Il piano industriale 2020-2022 di Anpal proposto da Parisi «è stato giudicato insufficiente e respinto per ben tre volte dal cda dell’Agenzia», ricordano i parlamentari. «Nel piano non è progettata alcuna azione operativa che tenga conto delle misure urgenti per fronteggiare lo shock occupazionale. Il fatto è tanto più grave, se si pensa che dal piano dipende la definitiva attuazione delle misure del Reddito di cittadinanza, varate oltre un anno fa; l’attuazione della piattaforma di incrocio fra domanda e offerta di lavoro, ancora assente nonostante il governo avesse assegnato specificamente 25 milioni di reddito alla sua realizzazione; nonché l’operatività dei cosiddetti “navigator”».

E allo stesso piano, aggiungono, il presidente «collega una confusa e incerta programmazione della stabilizzazione dei 654 precari» in attesa di una stabilizzazione già «esplicitamente finanziata e indicata dal Parlamento stesso attraverso la legge 128/2019, che per altro non vincola le stabilizzazioni di tutto il bacino dei precari “storici” all’approvazione del Piano industriale».

E poi l’affondo. «Ai danni oggettivi che la gestione inefficiente di Anpal arreca alla collettività in termini di risposte mancate alla disoccupazione, si aggiunge un danno di immagine considerevole per il suo governo e per le istituzioni in genere», scrivono.
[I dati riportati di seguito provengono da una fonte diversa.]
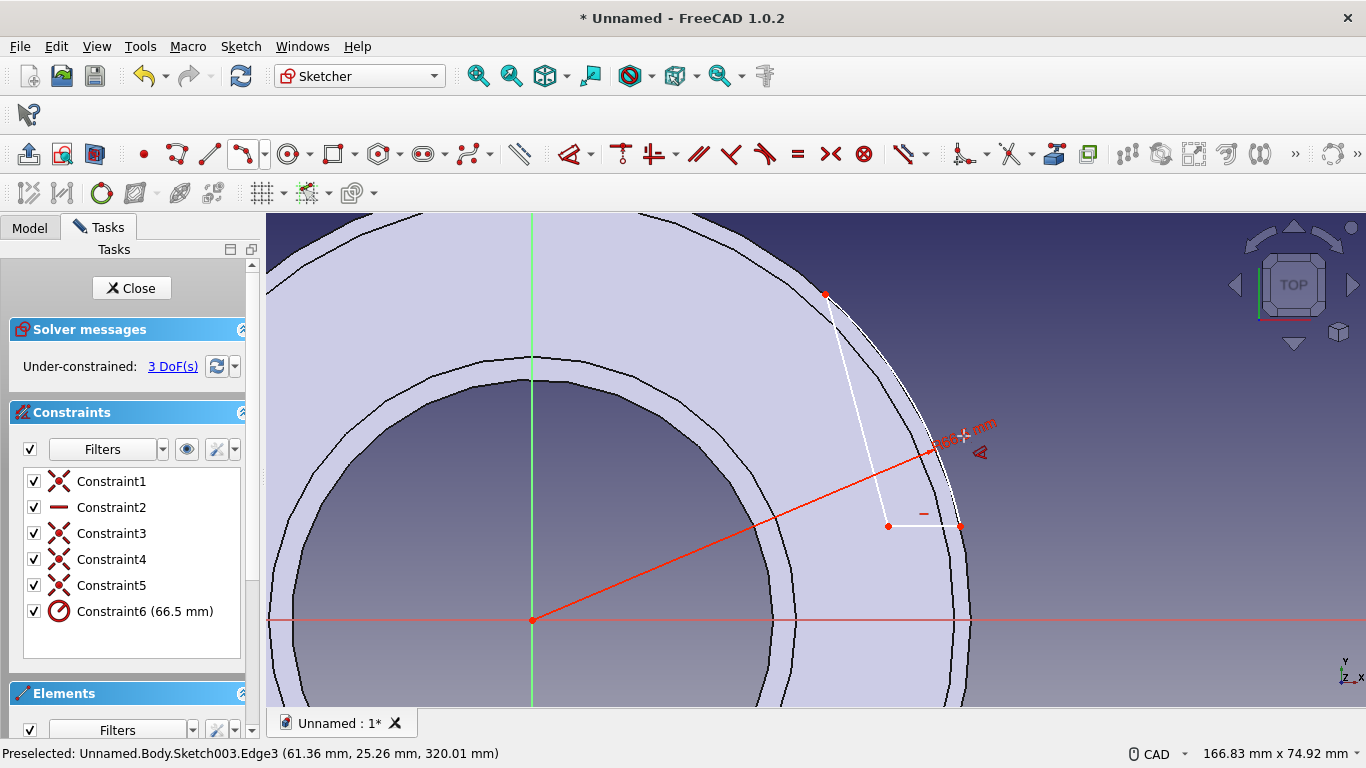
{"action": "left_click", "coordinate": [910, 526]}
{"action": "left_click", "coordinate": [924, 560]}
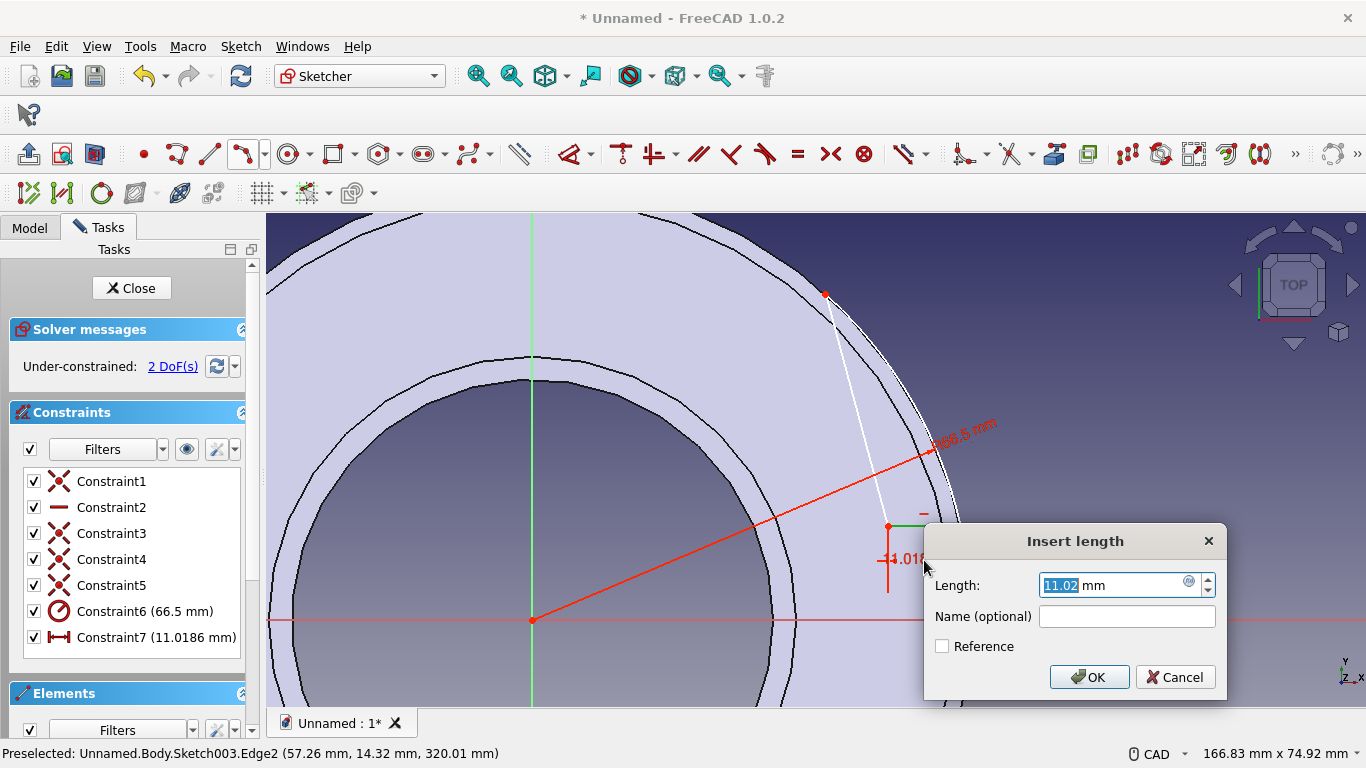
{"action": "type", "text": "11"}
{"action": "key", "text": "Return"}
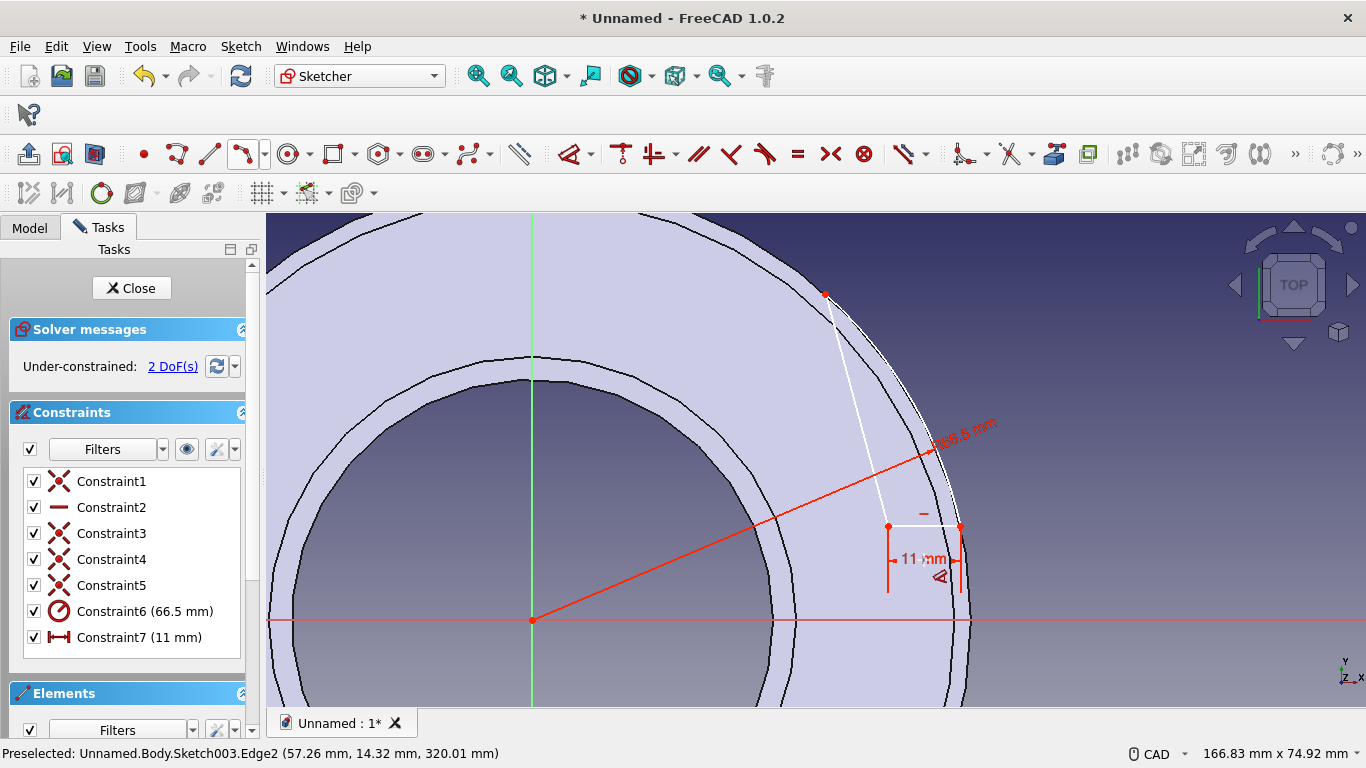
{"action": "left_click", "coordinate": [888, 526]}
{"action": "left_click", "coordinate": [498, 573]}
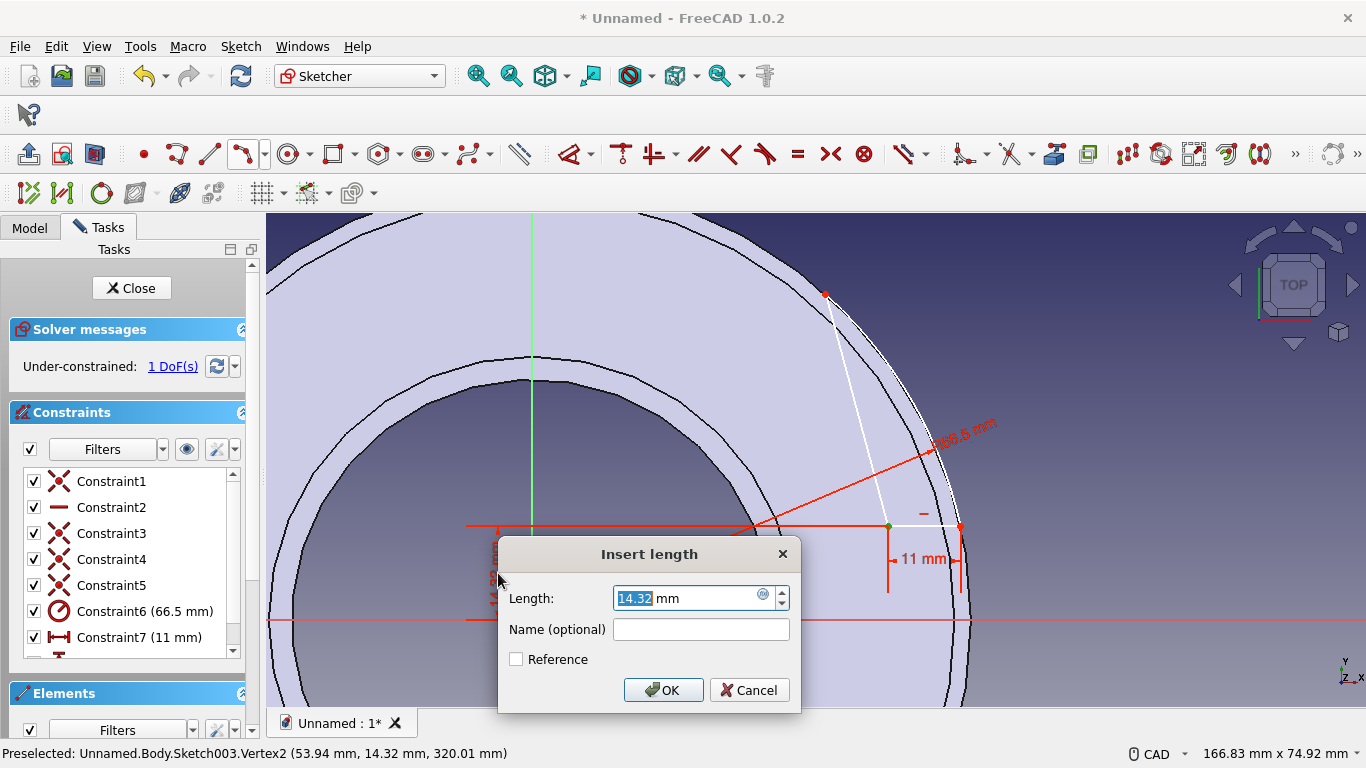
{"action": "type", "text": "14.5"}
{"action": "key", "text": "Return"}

E qui viene ricordata la questione dei rimborsi spese da oltre 160mila euro percepiti da Parisi per lo svolgimento del suo incarico e mai rendicontati, di cui oltre 70.000 euro per i voli in business class per raggiungere una o più volte al mese la propria famiglia in Mississippi (dove Parisi è volato nuovamente a metà giugno) e 55.000 euro per il pagamento del noleggio con conducente per gli spostamenti a Roma. «Tali importi non sono mai stati rendicontati correttamente sul sito dell’Agenzia, e nelle audizioni parlamentari effettuate il Presidente Parisi ha promesso a più riprese una loro definitiva pubblicazione, mai arrivata».

Oltre a questo, sottolineano, resta aperta anche la questione della incompatibilità tra la carica di presidente di Anpal e il lavoro part-time che Parisi continua a svolgere presso la Mississippi State University come Senior Advisor for European Development in Italy and Europe, configurabile «come un vero e proprio incarico di lobbying per tessere rapporti nel vecchio continente, tramite il suo incarico pubblico». Quanto descritto – scrivono i parlamentari – è totalmente incompatibile con la carica di Presidente di Anpal, in base alle regole contenute nello statuto della agenzia.

Per questi motivi, concludono rivolgendosi al presidente Conte, «siamo a chiederle di adottare quanto prima gli idonei provvedimenti volti a ripristinare il corretto funzionamento dell’Agenzia per le politiche attive del lavoro e dei suoi organi statutari», con l’obiettivo di approvare «un Piano di emergenza delle politiche attive del lavoro». 

«In questo momento critico e delicato per il Paese è importante ottimizzare risorse e strumenti», dice a Linkiesta la deputata Cinque Stelle Jessica Costanzo, la prima nel Movimento a criticare pubblicamente la gestione Parisi. «Sebbene a mio avviso fosse meglio la gestione diretta a livello ministeriale, Anpal oggi è l’agenzia nazionale adibita alla gestione delle politiche attive del lavoro ed è importante che funzioni. Per il Movimento non importa chi, ma che cosa si fa. Immagino quindi che nessuno possa sindacare che il funzionamento delle politiche attive, incluse la ricerca attiva del lavoro e la formazione, sia da sempre prioritario e ancor di più per la ripresa del Paese post Covid-19».

La sua firma, precisa, non è una richiesta di dimissioni di Parisi. «Non mi appassiona la politica del capro espiatorio», dice. «La vera questione è quella di operare affinché le politiche attive del lavoro e la fase 2 del reddito di cittadinanza funzionino ed entrino nel vivo, non possiamo più rinviare». E sulla mancata rendicontazione delle spese di Parisi, commenta: «Auspichiamo che si faccia presto chiarezza anche sulla questione delle spese, seguendo il criterio della trasparenza che abbiamo sempre invocato e che lo stesso Parisi ha indicato come necessario in audizione».